Thanks for your reply! I think we are mostly on the same page but I have a few comments I'd like to make.

...In the real universe, however, everything seem to be bounded in a way or another.  Infinite is not real.

That's not what infinity means in integration mathematically - nor is that how it's applied to physical problems.

In fact, this statement is actually nonsensical and easily disproved with a counterexample.

Can I not, as the 3rd video above shows, put a particle onto a circular path? Can I not roll that particle around the circular path in either direction, forever? That is, the possible number of rotations of the particle ARE unbounded because it is free to travel around the path once, twice, thrice.... up to infinite number of times, in either direction (clockwise or counterclockwise around the loop).

Yea. you might say "well the ball can't roll in a circle forever because the universe might actually end...* but that doesn't accurately describe the system of the ball. A function whose domain is negative infinity to positive infinity describes *everything* the ball could ever do. It's not that mysterious or universe-breaking.

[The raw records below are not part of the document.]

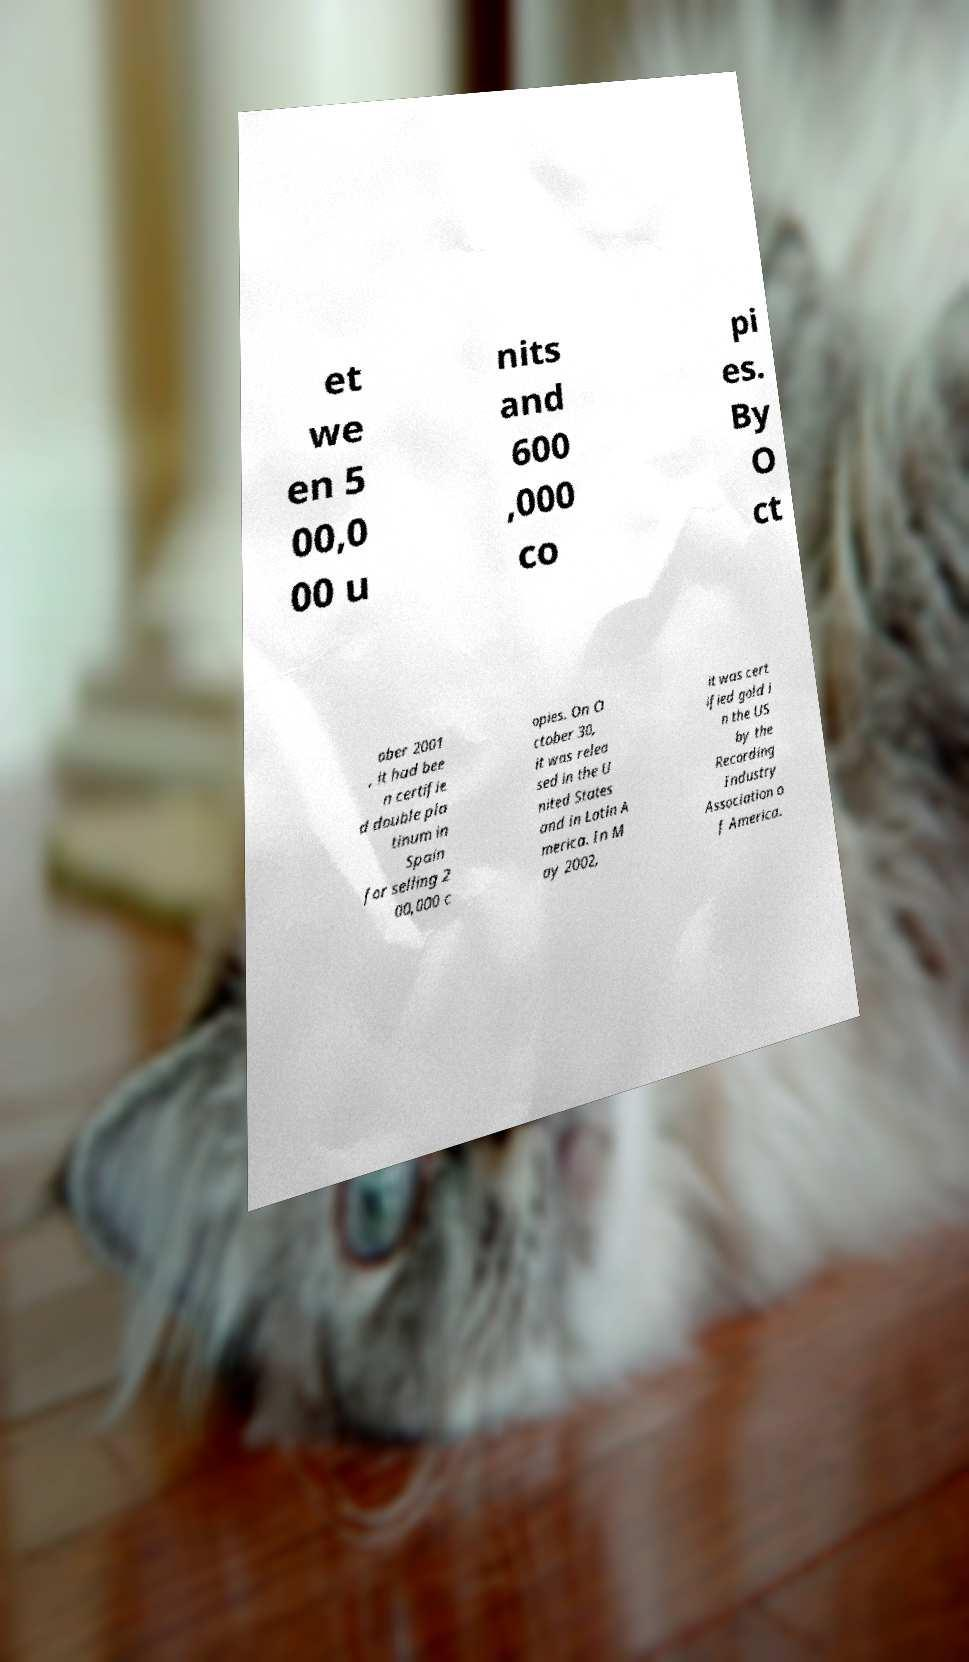I need the written content from this picture converted into text. Can you do that? et we en 5 00,0 00 u nits and 600 ,000 co pi es. By O ct ober 2001 , it had bee n certifie d double pla tinum in Spain for selling 2 00,000 c opies. On O ctober 30, it was relea sed in the U nited States and in Latin A merica. In M ay 2002, it was cert ified gold i n the US by the Recording Industry Association o f America. 
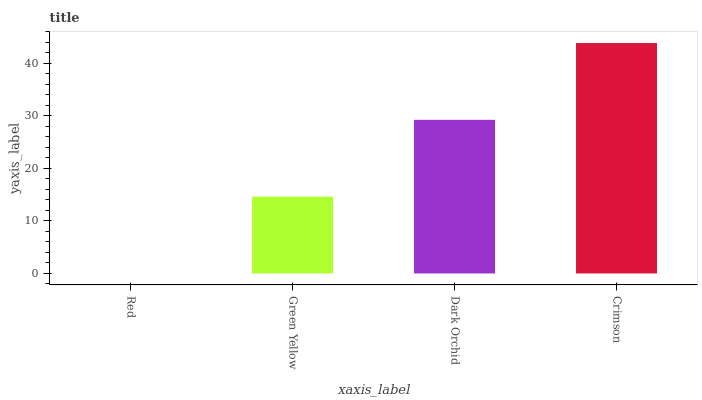Is Red the minimum?
Answer yes or no. Yes. Is Crimson the maximum?
Answer yes or no. Yes. Is Green Yellow the minimum?
Answer yes or no. No. Is Green Yellow the maximum?
Answer yes or no. No. Is Green Yellow greater than Red?
Answer yes or no. Yes. Is Red less than Green Yellow?
Answer yes or no. Yes. Is Red greater than Green Yellow?
Answer yes or no. No. Is Green Yellow less than Red?
Answer yes or no. No. Is Dark Orchid the high median?
Answer yes or no. Yes. Is Green Yellow the low median?
Answer yes or no. Yes. Is Red the high median?
Answer yes or no. No. Is Red the low median?
Answer yes or no. No.

That is why we always have to check if math results make sense, then have to validate them experimentally.

Absolutely - and that's what's wonderful about the mathematics of quantum mechanics is that it yields very testable predictions and in many cases led directly to the discovery of entirely new phenomena (the existence of positrons is something that just "fell out" out of Dirac's equations because solutions in the complex plane can have two solutions).

The puzzling property to me is not entanglement, but quantization.  Why something that is very small can only exist as a certain "chunk", called quanta?  This is a property that seems to be present in everything from the physical world, as long as it is very small.  I suspect it is related with the fact that infinity can not exist in the physical world.

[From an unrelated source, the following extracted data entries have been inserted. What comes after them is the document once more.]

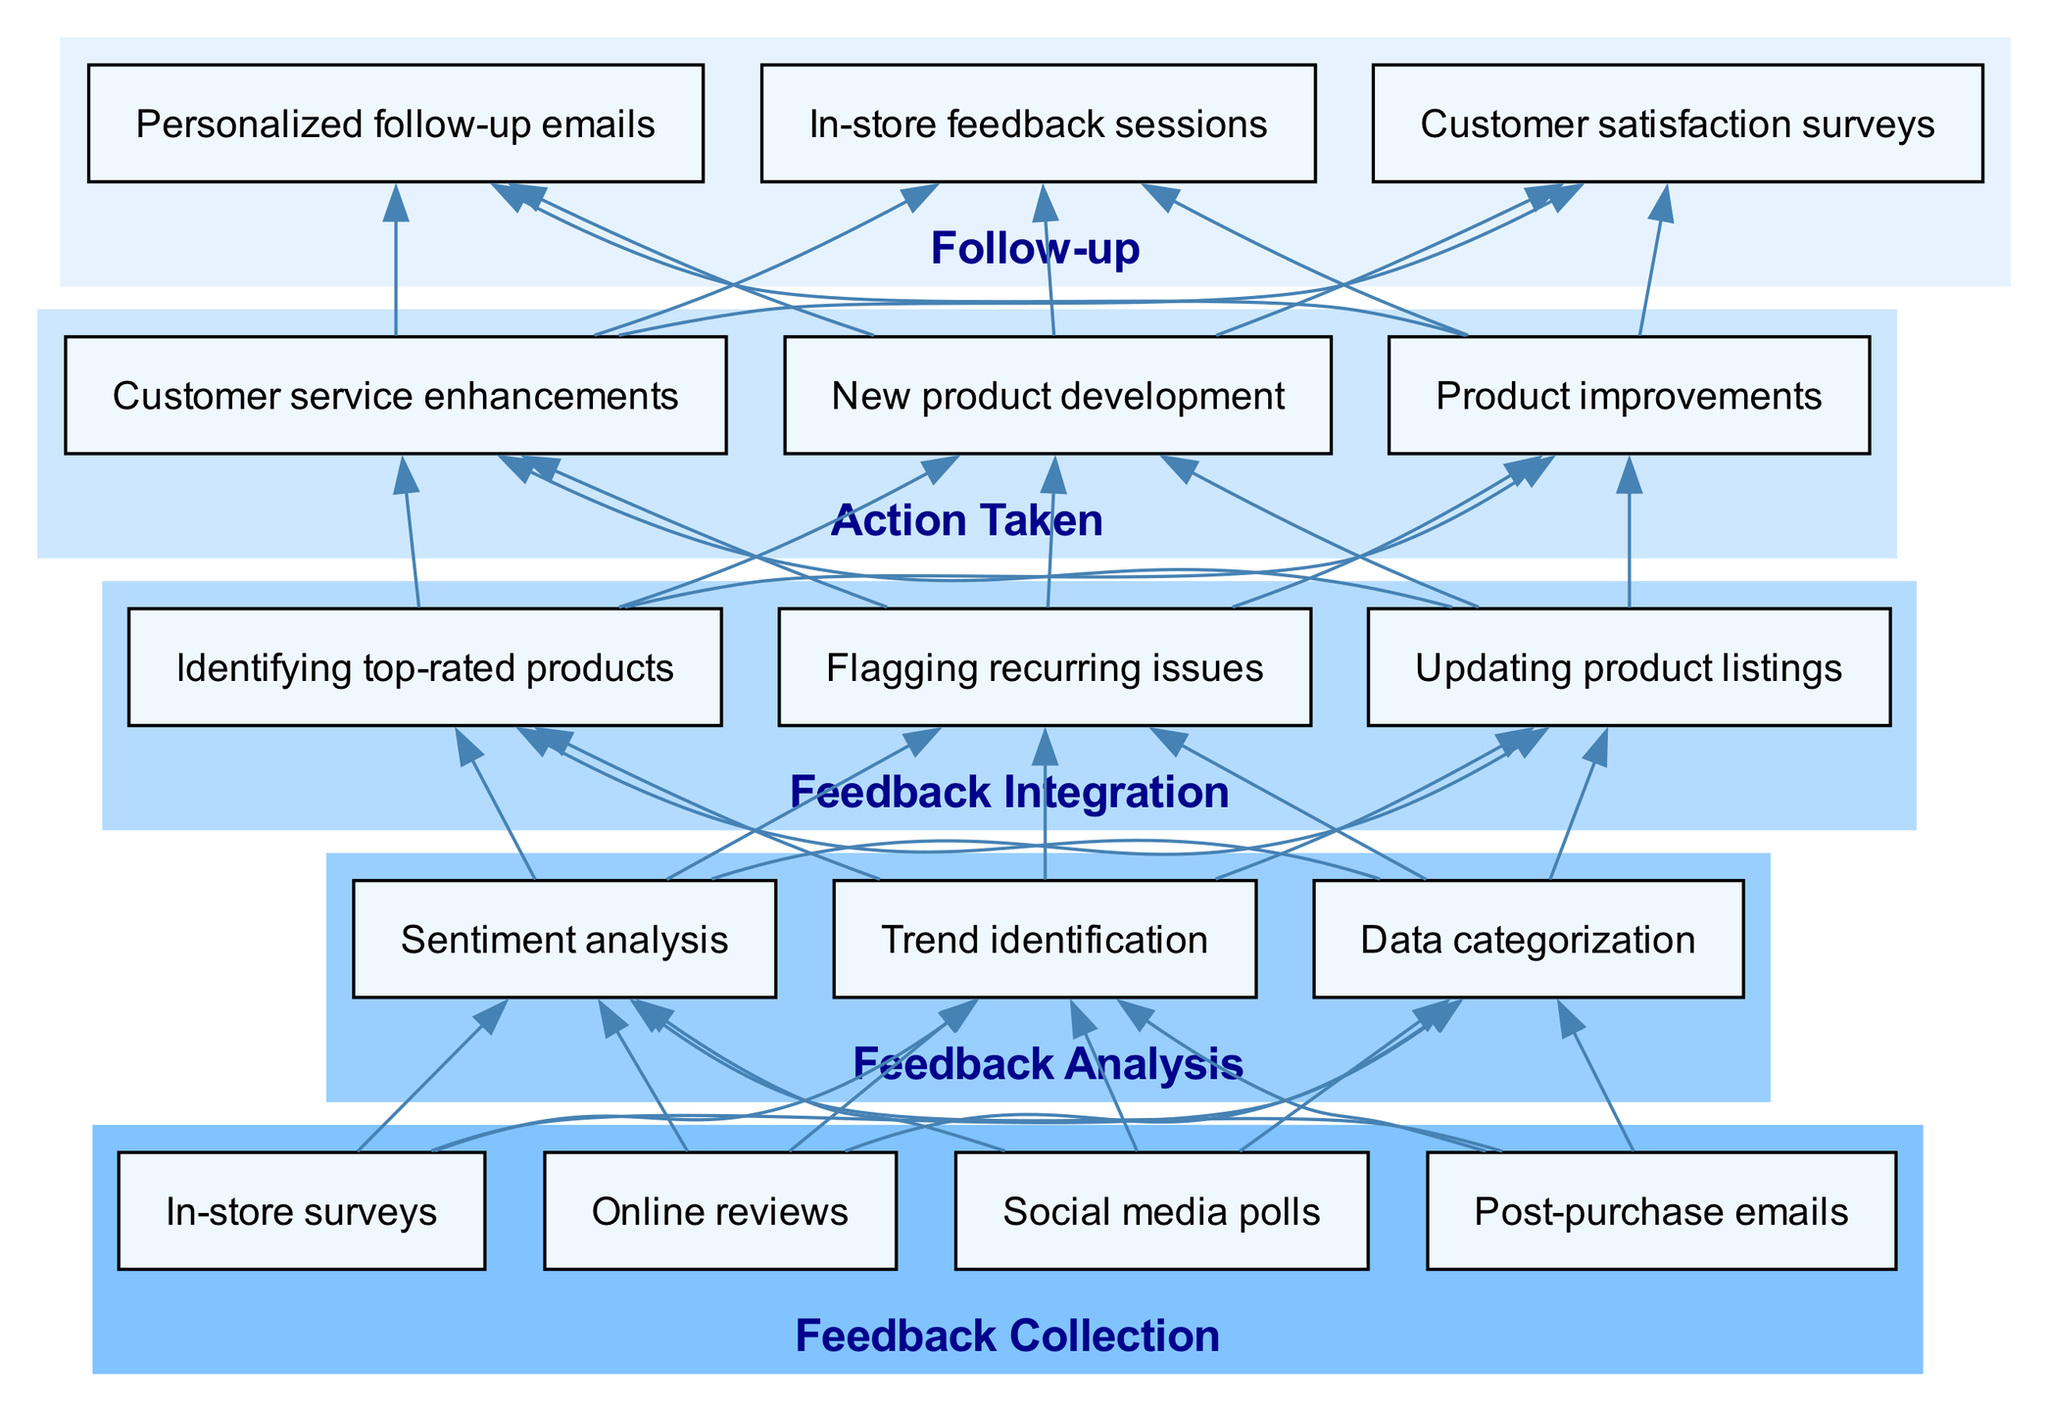What is the first stage in the feedback loop? The first stage is "Feedback Collection" as indicated at the bottom of the diagram layout.
Answer: Feedback Collection How many methods are listed under the Feedback Collection stage? There are four methods listed: "In-store surveys", "Online reviews", "Social media polls", and "Post-purchase emails".
Answer: 4 What is the last stage of the diagram? The last stage in the diagram is "Follow-up", which is at the top in the bottom-up flow structure.
Answer: Follow-up What action is related to the stage of Feedback Integration? The actions listed under Feedback Integration include "Updating product listings", "Identifying top-rated products", and "Flagging recurring issues".
Answer: Updating product listings Which stage precedes the Action Taken stage? The stage that precedes Action Taken is Feedback Integration, as seen when moving up the diagram from Action Taken.
Answer: Feedback Integration What outcome is associated with Action Taken? The outcomes associated with Action Taken include "Product improvements", "Customer service enhancements", and "New product development".
Answer: Product improvements Identify one method used for Follow-up. One of the methods listed under Follow-up is "Customer satisfaction surveys", which is clearly labeled within the stage section of the diagram.
Answer: Customer satisfaction surveys How many total stages are present in the Customer Feedback Loop? There are five stages in total as indicated in the diagram: Feedback Collection, Feedback Analysis, Feedback Integration, Action Taken, and Follow-up.
Answer: 5 Which process is included in the Feedback Analysis stage? The processes listed under Feedback Analysis include "Data categorization", "Sentiment analysis", and "Trend identification".
Answer: Sentiment analysis

You should watch the 3rd video I posted. It's actually *because* of infinity that matter must be quantized because the wave number has to be a whole positive integer to encompass every possible period of the function over the whole domain. The specific timestamp where this starts to be explained is here:
https://youtu.be/W8QZ-yxebFA?si=3giGjzlnnhNCs6A-&t=648

[Feynman] was kind of a jerk in real life.  Smart, yes, but arrogant even for his times, and unpleasant to work with.  Not my opinion, only repeating what I've seen on camera, what were saying other physicists that worked directly with Feynman.  He was not exactly the nice and charismatic character, as pictured in the YT interviews with Feynman talking about the beauty of a flower.

Hah, yea, I'm not suggesting Feynman was a particularly pleasant person by remarking on him - nor am I giving him sole credit for his contributions as obviously he shared the Nobel Prize for Path Integral Formulation.

All I mean to say is that my insight to this came from listening to him get annoyed with a student and emphasize that we have a world of particles whose behavior is probabilistic because you can't know their states to arbitrary precision (because of Fourier).

I personally don't like the term "wave-particle duality." I think it does more to confuse students than help them understand what is going on. Maybe it helps other people and that's great! But in my experience helping engineering students with this - they spend so much time slogging through Fourier stuff for signal processing, that it's amazing how quickly they grasp the 'obviousness' of quantum mechanics at more than an academic level - you start to see why quantum mechanics is the more fundamental law of nature. I like this video which explains why F = ma is a consequence of quantum mechanics:



Is light a particle or a wave? It's a particle - whose position and momentum is not determinant but probabilistic.